I'm sometimes fun at 24, but man was a blast my freshman year of college! Well, comparing to now that statement is true. This weekend I was sorta a fun person, though.
What a weekend it was! I got to go to COSI for the first time. That makes me a real Ohio resident, right? My Big and I went Saturday early in the morning. There were a lot of kids, and the museum was having a special day of safety for visitors to learn about distracted driving, how to perform CPR, recognizing signs of a gas leak... all that good stuff. We went to almost each room that is a part of the general admission. I even got to ride a unicycle that hovered over the main floor! haha. Not really, but it kind of felt like the real thing.
The space area of COSI is really interesting, too. We attended one of the "extra" events offered, a live view of space and learned about a few planets, constellations, ideas of other life forms... there was probably more, but I had a head ache from the planetarium set up. It was worth the pain, but I would have been happy just flying through the stars and viewing the planets. There was also an exhibit focused on the human body, and visitors could watch videos on surgeries. I don't know why, but I really wanted to see how doctors performed circumcision... that lasted a minute. Poor boys! Big and I finished our day together with some Chipotle, the best way to end a trip to Columbus.
That same night, I spent time with a friend, Martz, who is working on campus for the summer. We finally watched The Fault in Our Stars; we made a commitment to not watch the movie until we could watch it together. It only took three years, but we managed! We also browsed my external hard drive video files... that's where the fun Amanda comes alive.
Freshman and sophomore years. |
Watching myself in those videos, I was thinking, "What happened to that girl? Why don't I sing karaoke, drink, be that goofy girl these days? Why haven't I laughed like that since?" I'm not able to pinpoint an exact moment, but I'm almost certain that anxiety was rising into the fall of junior year, and there aren't any videos or an abundance of photos from that time to today. Of the photos I do have documenting the end of college, most of them are with people, posed and for a specific event.
I've changed.
Was it for the better? I don't know. In some aspects, yes, I am a must better individual now. I'm a much more introverted person than I have even been, and I don't go out or have the want to do so anymore. I read a lot more than I ever have. That is a definite positive change. Watching these videos just made me think that I could be having a lot more fun in this life. It's not going to do any good to blame anyone, an event or my anxiety, but it's hard not to find something to blame.

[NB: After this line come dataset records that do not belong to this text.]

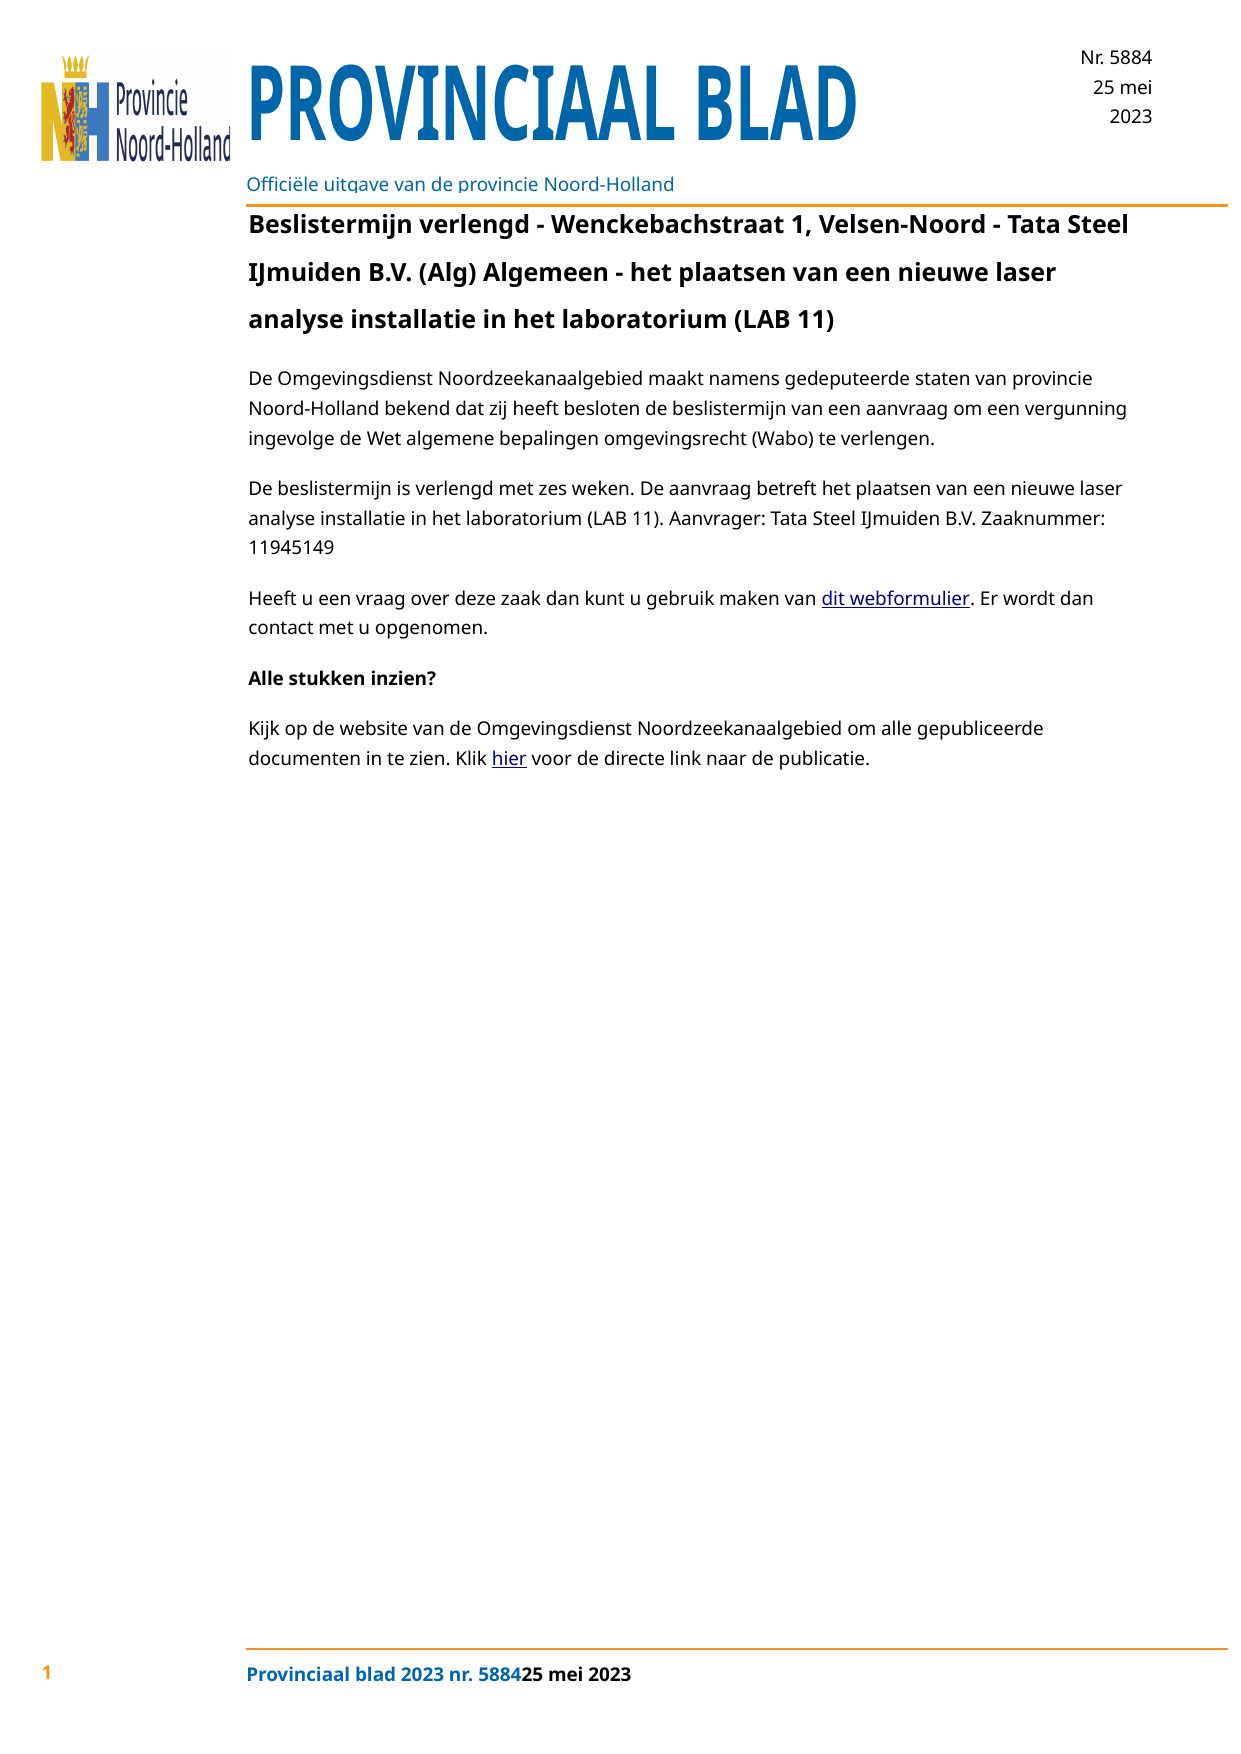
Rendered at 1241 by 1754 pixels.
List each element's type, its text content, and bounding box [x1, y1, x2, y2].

text Kijk op de website van de Omgevingsdienst Noordzeekanaalgebied om alle gepubliceerde documenten in te zien. Klik hier voor de directe link naar de publicatie. [248, 715, 1152, 770]
text Beslistermijn verlengd - Wenckebachstraat 1, Velsen-Noord - Tata Steel IJmuiden B.V. (Alg) Algemeen - het plaatsen van een nieuwe laser analyse installatie in het laboratorium (LAB 11) [248, 207, 1152, 336]
text Alle stukken inzien? [248, 665, 1152, 690]
text De Omgevingsdienst Noordzeekanaalgebied maakt namens gedeputeerde staten van provincie Noord-Holland bekend dat zij heeft besloten de beslistermijn van een aanvraag om een vergunning ingevolge de Wet algemene bepalingen omgevingsrecht (Wabo) te verlengen. [248, 366, 1152, 450]
picture [41, 47, 231, 172]
text De beslistermijn is verlengd met zes weken. De aanvraag betreft het plaatsen van een nieuwe laser analyse installatie in het laboratorium (LAB 11). Aanvrager: Tata Steel IJmuiden B.V. Zaaknummer: 11945149 [248, 475, 1152, 560]
text Heeft u een vraag over deze zaak dan kunt u gebruik maken van dit webformulier. Er wordt dan contact met u opgenomen. [248, 585, 1152, 640]

Maybe I need to remind myself that different things are now considered fun and there are a hell of a lot of ways to have fun! Because I don't laugh like a "dying seal" doesn't mean I'm not enjoying the time I'm spending, both alone and with others, right? Could it be better? Yeah, you could say that.
By Saturday afternoon, I thought I was having a grand, fun time. By after 10 p.m. that same day, I was questioning what counts as fun. It doesn't matter what others may view as an enjoyable, laugh-worthy time. If I'm in the moment, taking everything in, being as positive as I can, there shouldn't be any doubts whether it's "fun enough." I can't compare now to freshman year. I have bills to pay. I have an apartment to keep clean. I'm building a career and trying to make a positive impact where ever I go. I don't have time to analyze everything, especially whether if the fun I feel I'm having is worthy of that label.